▸ EXERCISE DETAILS: What you return must be the lines from the first one below through the one containing "for name, color, linetype, lineweight", exactly and with pictures excluded.

▸ DATA RECORDS:
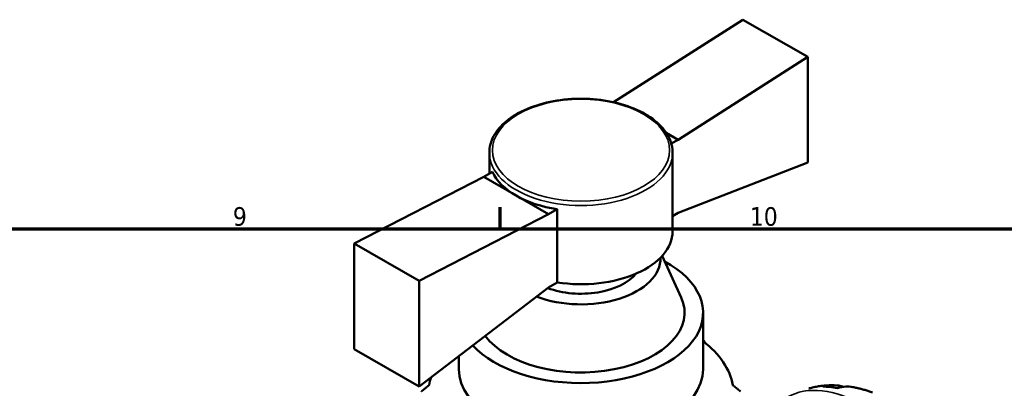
# Model space of a CAD drawing. Header units: millimetres. Extents: x 0 to 907, y 0 to 785.
# Tile 10 of 11: x 566 to 698, y 553 to 602. Entities that reach past the tile are written whole.
import ezdxf

# ---------------------------------------------------------------- set-up
doc = ezdxf.new("R2010")
doc.units = ezdxf.units.MM
for name, color, linetype, lineweight in [('Border (ISO)', 7, 'Continuous', 70), ('Visible (ISO)', 7, 'Continuous', 50), ('Visible Narrow (ISO)', 7, 'Continuous', 35)]:
    doc.layers.add(name, color=color, linetype=linetype, lineweight=lineweight)
doc.styles.add('Note Text (ISO)', font='tahoma.ttf')

# ---------------------------------------------------------------- blocks, each defined once
blk = doc.blocks.new('Borders Default Border')
at = {"layer": 'Border (ISO)'}
blk.add_line((630.75, 574), (630.75, 576.9), dxfattribs=at)
at = {"layer": 'Border (ISO)', "flags": 128}
blk.add_lwpolyline([(20, 20), (20, 574), (821, 574), (821, 20), (20, 20)], dxfattribs=at)
at = {"layer": 'Border (ISO)', "color": 232, "true_color": 0xca0064, "char_height": 2.5, "attachment_point": 7, "style": 'Note Text (ISO)'}
for s, insert in [('9', (594.88, 574.35)), ('10', (664.29, 574.35))]:
    blk.add_mtext(s, dxfattribs=dict(at, insert=insert))

msp = doc.modelspace()

# ---------------------------------------------------------------- linework, layer by layer
at = {"layer": 'Visible (ISO)'}
for p, q in [((646.009, 590.992), (663.362, 602.073)), ((663.362, 602.073), (672.059, 597.065)), ((672.059, 597.065), (654.664, 585.956)), ((672.059, 582.876), (672.059, 597.065)), ((653.069, 586.875), (654.664, 585.956)), ((654.664, 585.956), (653.746, 585.428)), ((629.318, 584.208), (629.318, 581.377)), ((653.918, 584.208), (653.918, 573.629)), ((654.664, 576.133), (672.059, 582.876)), ((628.572, 580.948), (611.177, 572.022)), ((629.737, 581.619), (628.572, 580.948)), ((628.572, 580.948), (632.921, 578.444)), ((632.921, 578.444), (637.269, 575.939)), ((638.435, 576.61), (637.269, 575.939)), ((638.435, 576.61), (638.435, 566.787)), ((619.874, 567.014), (637.269, 575.939)), ((654.664, 576.133), (653.918, 575.704)), ((611.177, 572.022), (611.177, 557.834)), ((611.177, 572.022), (619.874, 567.014)), ((652.508, 570.337), (655.072, 564.77)), ((619.874, 552.825), (619.874, 567.014)), ((637.269, 566.116), (619.874, 552.825)), ((638.435, 566.787), (637.269, 566.116)), ((658.018, 562.715), (658.018, 555.153)), ((658.219, 558.727), (658.219, 558.853)), ((611.177, 557.834), (619.874, 552.825)), ((625.218, 556.908), (625.218, 555.153))]:
    msp.add_line(p, q, dxfattribs=at)
for centre, major_axis, ratio, start_param, end_param in [((641.618, 583.452), (-12.3, 0), 0.5758617, 0.2617994, 0.7853982), ((641.618, 583.452), (12.3, 0), 0.5758617, 3.9269908, 4.4505896), ((641.618, 573.629), (12.3, 0), 0.5758617, 4.4505896, 6.2831853), ((641.618, 569.991), (10.68, 0), 0.5758617, 4.1205839, 6.3031351), ((641.618, 562.715), (16.4, 0), 0.5758617, 3.6236848, 7.0996127), ((641.618, 569.991), (-8.2, 0), 0.5758617, 0.995358, 2.7015264), ((641.618, 562.715), (13.92, 0), 0.5758617, 3.5372951, 6.5424526), ((641.618, 550.963), (-21.525, 0), 0.5758617, 3.8316082, 3.8461401), ((641.618, 551.801), (20.5, 0), 0.5758617, 0.1001674, 0.6435011), ((641.618, 551.801), (-20.5, 0), 0.5758617, 6.0900474, 6.1830179), ((641.618, 555.153), (16.4, 0), 0.5758617, 3.1415927, 6.2831853), ((680.58, 534.218), (-10.15, 17.625), 0.5780931, 5.818858, 5.9659818)]:
    msp.add_ellipse(centre, major_axis=major_axis, ratio=ratio, start_param=start_param, end_param=end_param, dxfattribs=at)
for points, knots in [([(629.318, 584.208), (629.318, 584.965), (629.518, 585.719), (630.295, 587.164), (630.885, 587.852), (632.408, 589.099), (633.353, 589.653), (635.491, 590.557), (636.684, 590.906), (639.193, 591.366), (640.508, 591.477), (643.13, 591.452), (644.437, 591.316), (646.915, 590.81), (648.085, 590.439), (650.175, 589.495), (651.094, 588.92), (652.576, 587.616), (653.142, 586.887), (653.773, 585.496), (653.918, 584.853), (653.918, 584.208)], [3.9269908, 3.9269908, 3.9269908, 3.9269908, 4.2271809, 4.2271809, 4.5398758, 4.5398758, 4.8642903, 4.8642903, 5.1898432, 5.1898432, 5.5144344, 5.5144344, 5.8386409, 5.8386409, 6.1633155, 6.1633155, 6.4889404, 6.4889404, 6.8127909, 6.8127909, 7.0685835, 7.0685835, 7.0685835, 7.0685835]), ([(672.232, 552.567), (672.448, 552.623), (672.665, 552.674), (673.098, 552.763), (673.315, 552.802), (673.748, 552.868), (673.964, 552.895), (674.395, 552.939), (674.61, 552.955), (675.037, 552.977), (675.249, 552.983), (675.461, 552.983)], [5.65597504, 5.65597504, 5.65597504, 5.65597504, 5.68851407, 5.68851407, 5.72105311, 5.72105311, 5.75359214, 5.75359214, 5.78613117, 5.78613117, 5.81867021, 5.81867021, 5.81867021, 5.81867021]), ([(674.114, 552.794), (674.515, 552.907), (674.926, 552.967), (675.696, 552.994), (676.126, 552.96), (676.671, 552.843), (676.793, 552.813), (676.912, 552.778)], [0.15177306, 0.15177306, 0.15177306, 0.15177306, 0.29590525, 0.29590525, 0.44401998, 0.44401998, 0.48656488, 0.48656488, 0.48656488, 0.48656488]), ([(678.131, 552.733), (677.811, 552.794), (677.484, 552.813), (676.831, 552.783), (676.449, 552.72), (676.067, 552.605)], [4.33640154, 4.33640154, 4.33640154, 4.33640154, 4.46383735, 4.46383735, 4.60796955, 4.60796955, 4.60796955, 4.60796955]), ([(678.131, 552.734), (678.314, 552.699), (678.495, 552.661), (678.853, 552.58), (679.031, 552.536), (679.383, 552.442), (679.557, 552.393), (679.903, 552.288), (680.074, 552.233), (680.413, 552.118), (680.581, 552.058), (680.747, 551.996)], [5.96040276, 5.96040276, 5.96040276, 5.96040276, 5.99059331, 5.99059331, 6.02078385, 6.02078385, 6.0509744, 6.0509744, 6.08116494, 6.08116494, 6.11135549, 6.11135549, 6.11135549, 6.11135549])]:
    msp.add_open_spline(points, degree=3, knots=knots, dxfattribs=at)
for points, weights in [([(658.018, 558.969), (658.118, 558.911), (658.219, 558.853)], [1.48547249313, 1.47657015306, 1.46765641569]), ([(621.221, 552.981), (620.718, 552.573), (620.191, 552.143)], [1.53436807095, 1.50109242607, 1.46765641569]), ([(663.045, 552.143), (662.518, 552.573), (662.015, 552.981)], [1.46765641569, 1.50109242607, 1.53436807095])]:
    msp.add_rational_spline(points, weights, degree=2, dxfattribs=at)
at = {"layer": 'Visible Narrow (ISO)'}
msp.add_ellipse((641.618, 584.543), major_axis=(11.89, 0), ratio=0.5758617, dxfattribs=at)
for centre, major_axis, ratio, start_param, end_param in [((641.618, 584.208), (-12.3, 0), 0.5758617, 0, 3.1415927), ((679.448, 533.567), (-10.23, 17.765), 0.5780931, 3.1415927, 6.2831853)]:
    msp.add_ellipse(centre, major_axis=major_axis, ratio=ratio, start_param=start_param, end_param=end_param, dxfattribs=at)

# ---------------------------------------------------------------- block references
msp.add_blockref('Borders Default Border', (0, 0))

doc.saveas('drawing.dxf')

▸ REPLY:
# Model space of a CAD drawing. Header units: millimetres. Extents: x 0 to 907, y 0 to 785.
# Tile 10 of 11: x 566 to 698, y 553 to 602. Entities that reach past the tile are written whole.
import ezdxf

# ---------------------------------------------------------------- set-up
doc = ezdxf.new("R2010")
doc.units = ezdxf.units.MM
for name, color, linetype, lineweight in [('Border (ISO)', 7, 'Continuous', 70), ('Visible (ISO)', 7, 'Continuous', 50), ('Visible Narrow (ISO)', 7, 'Continuous', 35)]:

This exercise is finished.